University faculties are well-known for their ideological homogeneity; most instructors are progressive. At Yale, for instance, a mere seven percent of professors identify as conservative. The utter lack of right-leaning faculty doubtlessly contributes to the persistent anti-conservative biases we see on campuses across the country.
But that’s not even the worst of it, argues one professor in The New York Times. Liberal faculty aren’t actually the main drivers of campus ideology; administrators are.
“While considerable focus has been placed in recent decades on the impact of the ideological bent of college professors, when it comes to collegiate life — living in dorms, participating in extracurricular organizations — the ever growing ranks of administrators have the biggest influence on students and campus life across the country,” writes Samuel Abrams in The Times.
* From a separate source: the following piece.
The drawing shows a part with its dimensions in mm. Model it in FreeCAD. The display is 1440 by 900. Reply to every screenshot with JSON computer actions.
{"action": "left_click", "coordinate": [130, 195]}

Abrams, a professor of politics at Sarah Lawrence College in Yonkers, writes that he recently surveyed nearly 1,000 administrators nationwide “whose work concerns the quality and character of a student’s experience on campus.” Abrams found that “liberal staff members outnumber their conservative counterparts by the astonishing ratio of 12-to-one. Only 6 percent of campus administrators identified as conservative to some degree, while 71 percent classified themselves as liberal or very liberal. It’s no wonder so much of the nonacademic programming on college campuses is politically one-sided.”
From the article:
The 12-to-one ratio of liberal to conservative college administrators makes them the most left-leaning group on campus. In previous research, I found that academic faculty report a six-to-one ratio of liberal to conservative professors. Incoming first-year students, by contrast, reported less than a two-to-one ratio of liberals to conservatives, according to a 2016 finding by the Higher Education Research Institute. It appears that a fairly liberal student body is being taught by a very liberal professoriate — and socialized by an incredibly liberal group of administrators.
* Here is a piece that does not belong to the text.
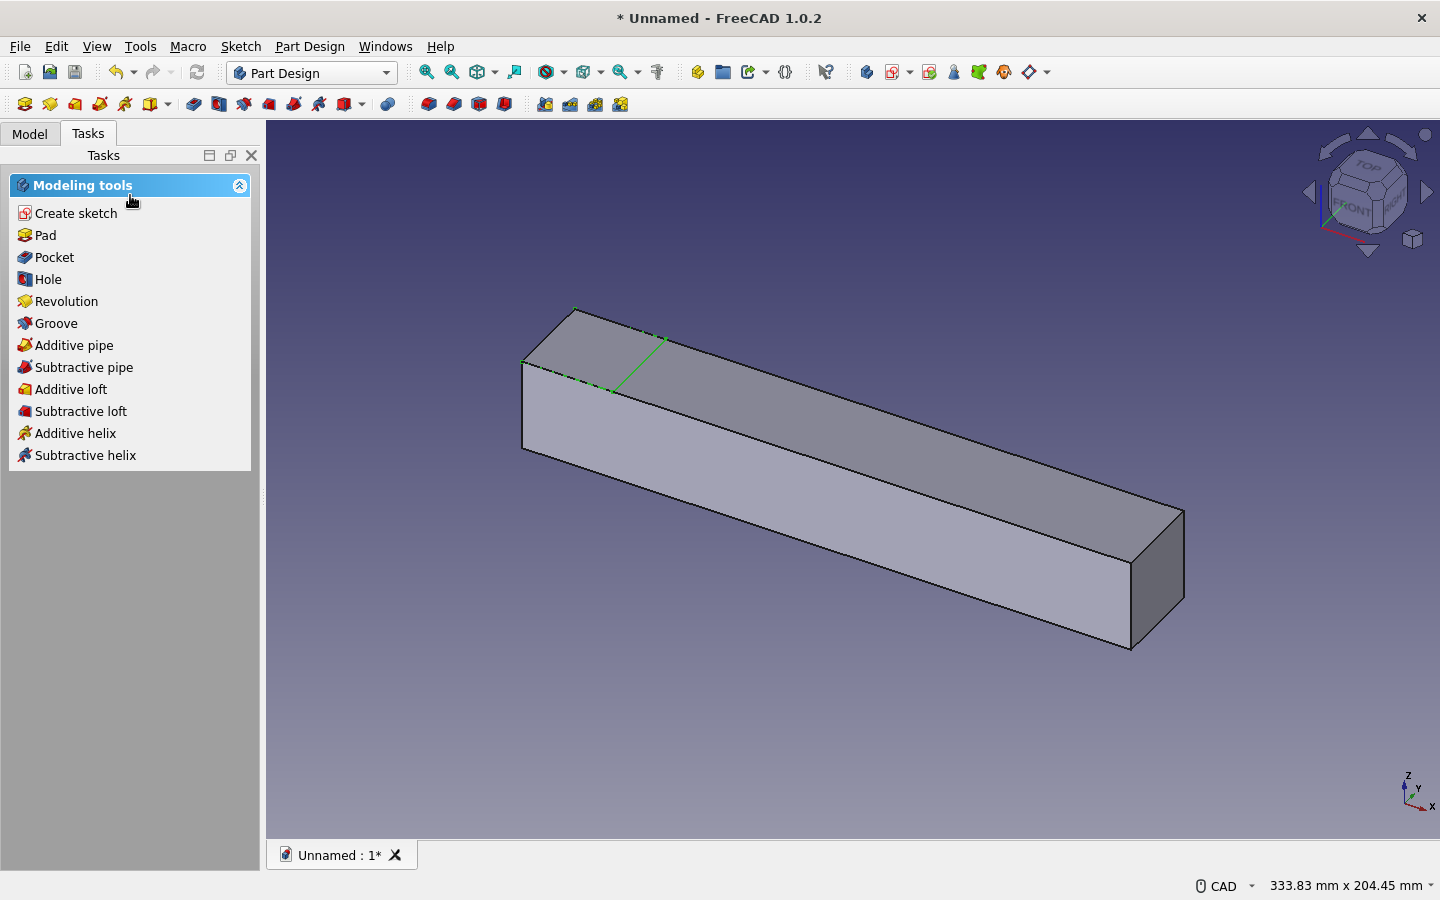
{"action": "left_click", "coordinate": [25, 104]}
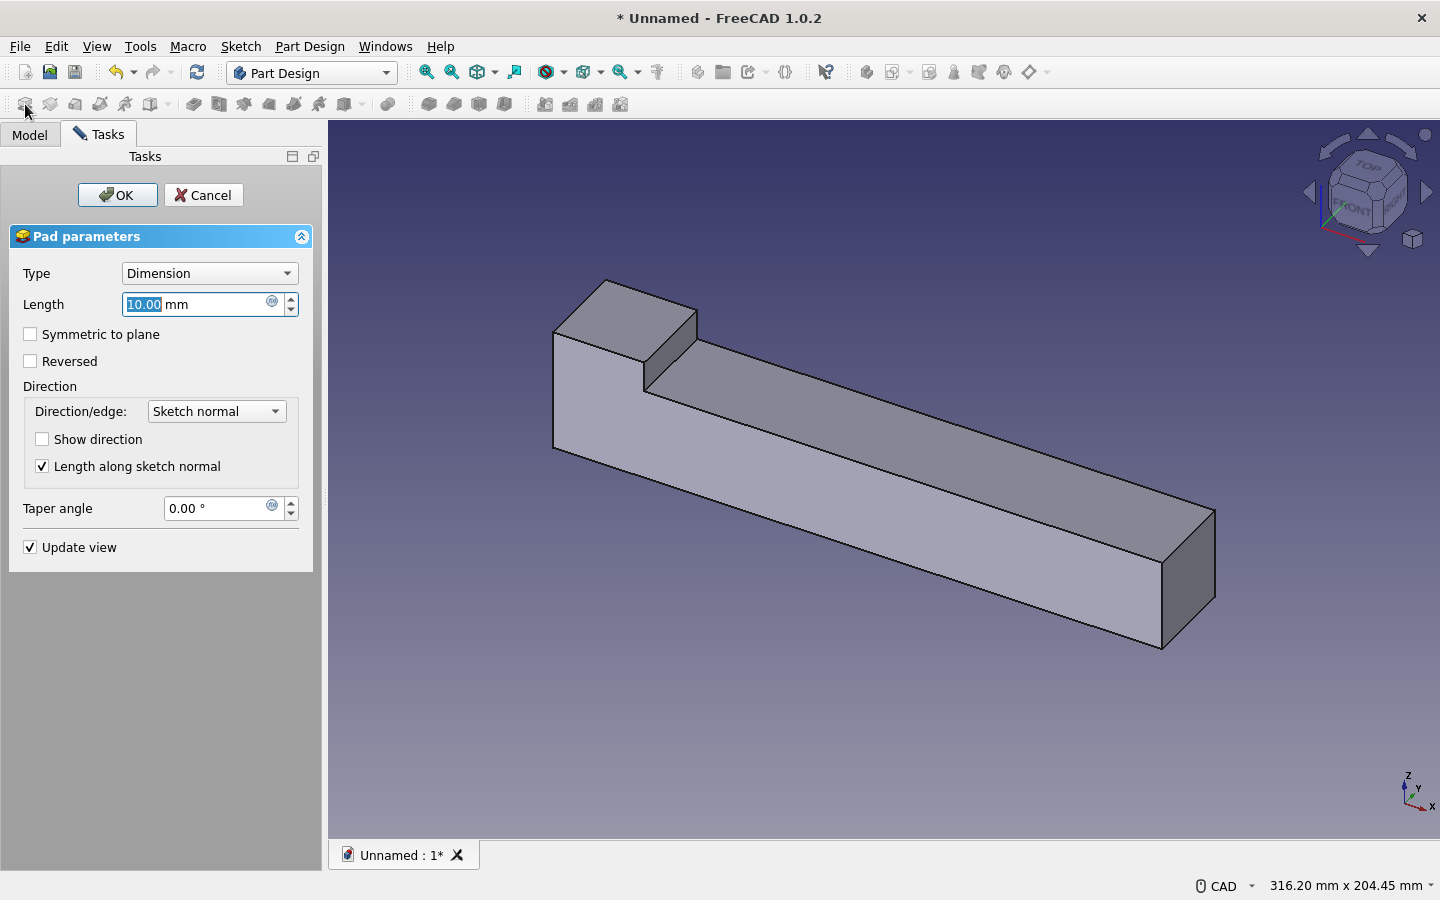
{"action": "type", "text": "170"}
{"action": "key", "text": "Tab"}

The severity of this trend varies among different types of academic institutions. My research found that two-thirds of administrators at public institutions and schools with religious affiliations self-identified as liberals, which was lower than the three-quarters of administrators at private, secular institutions who did. I found no real differences among school types, such as small, private liberal arts colleges as compared with large research universities. School ranking did make a small difference, with administrators at more selective institutions reporting a higher percentage of liberals than did lower-ranked schools.
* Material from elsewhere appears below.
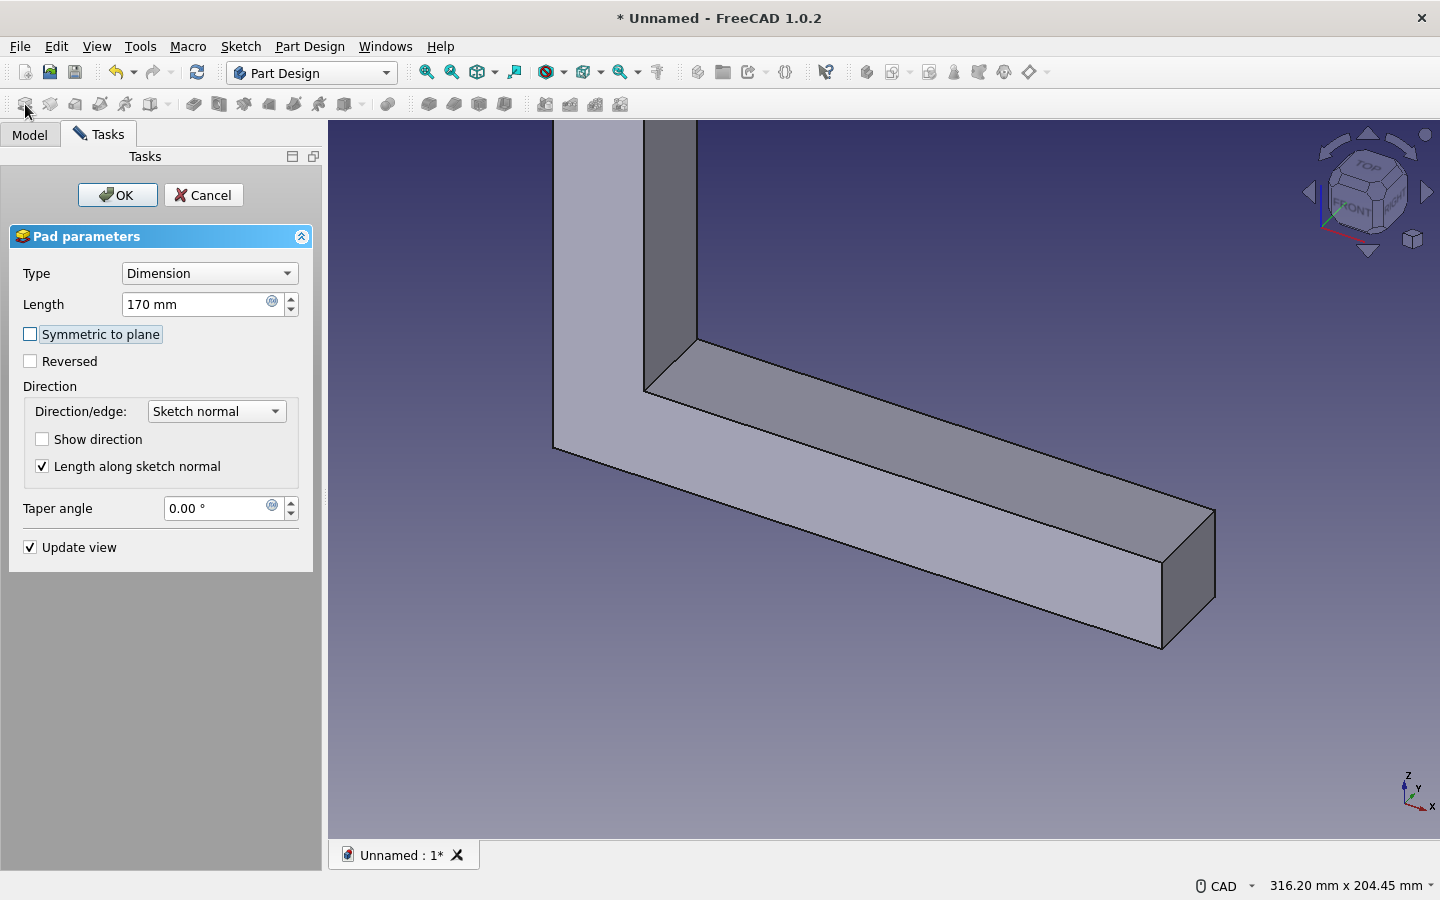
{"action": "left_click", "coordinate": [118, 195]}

Abrams has previously spoken about the dangers of ideological intolerance on campus. Last year he warned that students were becoming more comfortable with authoritarian politics, particularly applied to viewpoints with which they disagree.
Abrams has also previously written in The Times about certain regions of the country in which the political imbalance in university faculty is well above the average; it is higher in New England, for example, than anywhere else in the nation.